When Consciousness Collapses and Expands as One

What if enlightenment is not a personal event, but a cosmic remembrance? A moment when every proton in the body awakens to its true nature, not as matter, but as the still point where creation and annihilation converge. The mystics have always spoken of an inner collapse and expansion, a simultaneous implosion into nothingness and explosion into infinity. Modern physics mirrors this riddle through the black hole and the Big Bang; two extremes that may, in essence, be the same gesture of reality folding through itself.

When awareness reaches its highest clarity, the boundaries that separate the subatomic from the cosmic begin to blur.

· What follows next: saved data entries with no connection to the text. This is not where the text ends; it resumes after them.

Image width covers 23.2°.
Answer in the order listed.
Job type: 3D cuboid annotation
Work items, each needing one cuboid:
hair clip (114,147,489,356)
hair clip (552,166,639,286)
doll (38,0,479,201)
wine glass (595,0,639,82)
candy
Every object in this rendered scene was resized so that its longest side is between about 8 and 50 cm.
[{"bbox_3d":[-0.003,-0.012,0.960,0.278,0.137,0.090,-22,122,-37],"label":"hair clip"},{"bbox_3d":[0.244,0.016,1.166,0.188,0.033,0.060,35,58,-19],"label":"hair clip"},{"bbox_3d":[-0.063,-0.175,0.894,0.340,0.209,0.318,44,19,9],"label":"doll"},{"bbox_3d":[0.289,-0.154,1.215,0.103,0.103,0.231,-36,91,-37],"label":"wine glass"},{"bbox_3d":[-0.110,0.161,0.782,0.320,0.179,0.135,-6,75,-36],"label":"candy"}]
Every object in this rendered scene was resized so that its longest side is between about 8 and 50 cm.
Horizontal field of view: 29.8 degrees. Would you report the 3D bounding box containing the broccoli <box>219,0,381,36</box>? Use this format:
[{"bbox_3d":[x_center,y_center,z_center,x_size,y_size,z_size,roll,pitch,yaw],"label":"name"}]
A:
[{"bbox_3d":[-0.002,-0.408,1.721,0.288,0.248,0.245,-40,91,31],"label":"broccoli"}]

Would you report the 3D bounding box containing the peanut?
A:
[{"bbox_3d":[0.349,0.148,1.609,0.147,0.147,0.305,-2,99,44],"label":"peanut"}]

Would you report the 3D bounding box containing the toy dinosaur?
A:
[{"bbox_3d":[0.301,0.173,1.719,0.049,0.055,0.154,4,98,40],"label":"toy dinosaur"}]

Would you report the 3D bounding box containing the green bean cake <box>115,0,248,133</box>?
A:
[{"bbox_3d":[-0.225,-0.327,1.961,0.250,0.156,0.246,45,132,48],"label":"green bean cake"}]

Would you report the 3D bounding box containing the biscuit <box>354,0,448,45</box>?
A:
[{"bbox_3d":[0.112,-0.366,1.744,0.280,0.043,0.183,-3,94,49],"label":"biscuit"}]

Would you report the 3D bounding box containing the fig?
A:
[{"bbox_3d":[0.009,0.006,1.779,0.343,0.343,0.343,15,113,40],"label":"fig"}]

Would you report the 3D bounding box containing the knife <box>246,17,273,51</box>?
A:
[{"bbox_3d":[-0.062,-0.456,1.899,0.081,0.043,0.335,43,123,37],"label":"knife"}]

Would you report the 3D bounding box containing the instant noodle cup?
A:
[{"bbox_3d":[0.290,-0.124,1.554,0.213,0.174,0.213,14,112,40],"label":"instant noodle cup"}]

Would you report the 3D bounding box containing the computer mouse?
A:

A single breath becomes indistinguishable from the pulse of galaxies. The enlightened state might then be described as the universe turning itself inside out through human consciousness; each proton realizing it has never been separate from the gravitational core of all being.

At that point, perception no longer divides between what is collapsing and what is being born. The same force that draws the universe inward through gravity propels it outward through radiance. It is the eternal inhale and exhale of existence, experienced directly. To awaken fully may therefore mean to feel every particle of one’s body as both the black hole and the Big Bang; one endless continuum of creation rediscovering itself as “so-called” light.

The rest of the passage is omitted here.